EXERCISE GOAL: The result should be every line in the data below that carries the string "width".

STORED DATA:

────

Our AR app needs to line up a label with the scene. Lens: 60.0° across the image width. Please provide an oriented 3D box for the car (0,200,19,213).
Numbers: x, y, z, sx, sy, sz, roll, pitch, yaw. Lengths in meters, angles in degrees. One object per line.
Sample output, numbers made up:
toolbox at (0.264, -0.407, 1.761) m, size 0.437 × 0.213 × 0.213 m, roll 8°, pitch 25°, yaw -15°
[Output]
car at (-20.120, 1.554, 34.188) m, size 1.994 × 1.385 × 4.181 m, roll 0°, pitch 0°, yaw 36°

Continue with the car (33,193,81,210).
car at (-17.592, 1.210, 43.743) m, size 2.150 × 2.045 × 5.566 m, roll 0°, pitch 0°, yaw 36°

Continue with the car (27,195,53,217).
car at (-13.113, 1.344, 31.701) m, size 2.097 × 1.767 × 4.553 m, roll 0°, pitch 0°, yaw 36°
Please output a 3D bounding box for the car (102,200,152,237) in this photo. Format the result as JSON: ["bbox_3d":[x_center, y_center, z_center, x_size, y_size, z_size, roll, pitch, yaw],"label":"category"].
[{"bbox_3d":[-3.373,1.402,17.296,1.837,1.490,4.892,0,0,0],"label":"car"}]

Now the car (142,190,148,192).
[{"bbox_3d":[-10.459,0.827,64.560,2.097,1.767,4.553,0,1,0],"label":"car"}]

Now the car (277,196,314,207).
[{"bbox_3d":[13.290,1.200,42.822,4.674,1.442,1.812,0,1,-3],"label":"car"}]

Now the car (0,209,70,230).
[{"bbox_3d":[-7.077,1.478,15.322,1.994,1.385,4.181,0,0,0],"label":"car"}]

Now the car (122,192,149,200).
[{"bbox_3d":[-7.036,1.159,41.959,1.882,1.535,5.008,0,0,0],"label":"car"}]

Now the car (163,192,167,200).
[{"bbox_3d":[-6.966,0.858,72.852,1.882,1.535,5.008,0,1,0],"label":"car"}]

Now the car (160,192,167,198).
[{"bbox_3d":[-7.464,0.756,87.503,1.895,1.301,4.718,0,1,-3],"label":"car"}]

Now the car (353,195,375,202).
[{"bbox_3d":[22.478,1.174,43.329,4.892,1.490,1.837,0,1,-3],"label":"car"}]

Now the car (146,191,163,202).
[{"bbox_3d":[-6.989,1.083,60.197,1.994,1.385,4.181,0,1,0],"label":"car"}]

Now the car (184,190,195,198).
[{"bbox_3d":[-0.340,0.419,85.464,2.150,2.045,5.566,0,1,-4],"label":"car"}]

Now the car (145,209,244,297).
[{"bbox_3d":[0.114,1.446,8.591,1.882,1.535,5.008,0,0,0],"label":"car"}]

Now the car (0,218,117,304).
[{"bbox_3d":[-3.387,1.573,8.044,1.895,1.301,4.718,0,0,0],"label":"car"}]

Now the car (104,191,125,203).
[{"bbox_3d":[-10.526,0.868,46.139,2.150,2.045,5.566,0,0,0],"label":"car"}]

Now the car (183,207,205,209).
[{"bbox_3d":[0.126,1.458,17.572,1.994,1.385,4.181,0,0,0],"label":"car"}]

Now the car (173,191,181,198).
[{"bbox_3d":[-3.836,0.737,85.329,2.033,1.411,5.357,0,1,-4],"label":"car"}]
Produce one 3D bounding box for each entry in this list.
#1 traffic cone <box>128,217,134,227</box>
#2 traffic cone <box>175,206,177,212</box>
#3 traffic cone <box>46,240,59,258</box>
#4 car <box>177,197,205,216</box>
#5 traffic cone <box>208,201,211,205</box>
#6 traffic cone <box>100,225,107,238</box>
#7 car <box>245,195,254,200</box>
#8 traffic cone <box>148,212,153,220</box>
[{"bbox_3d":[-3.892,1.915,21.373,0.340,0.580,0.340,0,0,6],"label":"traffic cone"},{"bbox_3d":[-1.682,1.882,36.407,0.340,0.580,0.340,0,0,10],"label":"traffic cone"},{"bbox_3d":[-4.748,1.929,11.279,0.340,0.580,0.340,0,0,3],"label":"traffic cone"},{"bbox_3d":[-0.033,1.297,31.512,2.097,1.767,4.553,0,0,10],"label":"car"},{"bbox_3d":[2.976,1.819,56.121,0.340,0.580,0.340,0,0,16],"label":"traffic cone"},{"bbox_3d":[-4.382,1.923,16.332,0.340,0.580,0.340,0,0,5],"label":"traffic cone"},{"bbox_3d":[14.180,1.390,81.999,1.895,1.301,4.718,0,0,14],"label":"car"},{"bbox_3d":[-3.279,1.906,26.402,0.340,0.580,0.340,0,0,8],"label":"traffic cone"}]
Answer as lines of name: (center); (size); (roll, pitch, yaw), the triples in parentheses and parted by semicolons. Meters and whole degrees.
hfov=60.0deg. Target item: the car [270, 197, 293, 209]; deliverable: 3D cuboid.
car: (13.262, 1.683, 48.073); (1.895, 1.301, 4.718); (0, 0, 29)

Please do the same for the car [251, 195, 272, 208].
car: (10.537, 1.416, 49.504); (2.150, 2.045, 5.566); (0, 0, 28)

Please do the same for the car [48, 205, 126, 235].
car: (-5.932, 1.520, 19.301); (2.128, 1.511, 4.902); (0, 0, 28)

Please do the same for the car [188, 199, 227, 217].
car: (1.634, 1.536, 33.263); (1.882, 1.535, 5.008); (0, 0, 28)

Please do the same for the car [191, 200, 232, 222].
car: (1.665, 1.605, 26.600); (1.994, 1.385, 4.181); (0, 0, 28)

────

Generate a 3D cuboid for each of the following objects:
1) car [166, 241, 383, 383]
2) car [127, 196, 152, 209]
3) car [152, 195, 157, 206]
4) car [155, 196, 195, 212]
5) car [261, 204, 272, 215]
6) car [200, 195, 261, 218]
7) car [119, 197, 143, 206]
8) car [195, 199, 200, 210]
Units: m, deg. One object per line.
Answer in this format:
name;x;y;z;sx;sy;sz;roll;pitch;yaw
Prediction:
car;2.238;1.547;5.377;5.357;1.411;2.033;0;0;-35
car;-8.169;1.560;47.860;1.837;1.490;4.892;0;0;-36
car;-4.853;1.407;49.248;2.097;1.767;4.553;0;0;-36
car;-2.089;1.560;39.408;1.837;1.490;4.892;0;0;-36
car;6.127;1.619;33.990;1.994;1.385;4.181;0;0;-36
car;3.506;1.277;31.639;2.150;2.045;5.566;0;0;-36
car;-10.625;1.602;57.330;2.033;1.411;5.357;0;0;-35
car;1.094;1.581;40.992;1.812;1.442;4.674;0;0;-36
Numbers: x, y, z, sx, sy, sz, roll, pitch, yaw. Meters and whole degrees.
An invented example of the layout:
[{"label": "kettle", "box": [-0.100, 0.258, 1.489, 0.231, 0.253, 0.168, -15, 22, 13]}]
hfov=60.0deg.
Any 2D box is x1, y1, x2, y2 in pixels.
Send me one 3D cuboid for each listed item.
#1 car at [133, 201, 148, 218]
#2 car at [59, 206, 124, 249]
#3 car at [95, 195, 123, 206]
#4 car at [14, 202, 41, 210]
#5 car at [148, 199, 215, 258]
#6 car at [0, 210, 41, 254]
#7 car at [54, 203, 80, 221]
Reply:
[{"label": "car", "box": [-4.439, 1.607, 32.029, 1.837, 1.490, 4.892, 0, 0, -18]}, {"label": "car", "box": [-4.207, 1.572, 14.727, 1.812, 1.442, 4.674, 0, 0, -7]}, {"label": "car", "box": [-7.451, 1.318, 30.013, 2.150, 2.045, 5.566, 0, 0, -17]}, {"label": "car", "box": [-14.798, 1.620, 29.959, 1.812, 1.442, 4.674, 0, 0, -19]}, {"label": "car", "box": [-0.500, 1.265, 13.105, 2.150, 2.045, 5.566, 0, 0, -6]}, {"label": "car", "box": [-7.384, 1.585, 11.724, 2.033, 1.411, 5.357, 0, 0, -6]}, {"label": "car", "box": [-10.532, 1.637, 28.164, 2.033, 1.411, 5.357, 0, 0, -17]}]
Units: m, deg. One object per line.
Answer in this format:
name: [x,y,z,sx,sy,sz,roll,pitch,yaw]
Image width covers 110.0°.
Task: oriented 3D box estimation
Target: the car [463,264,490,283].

────

OUTPUT OF THE EXERCISE:
Our AR app needs to line up a label with the scene. Lens: 60.0° across the image width. Please provide an oriented 3D box for the car (0,200,19,213).
Image width covers 110.0°.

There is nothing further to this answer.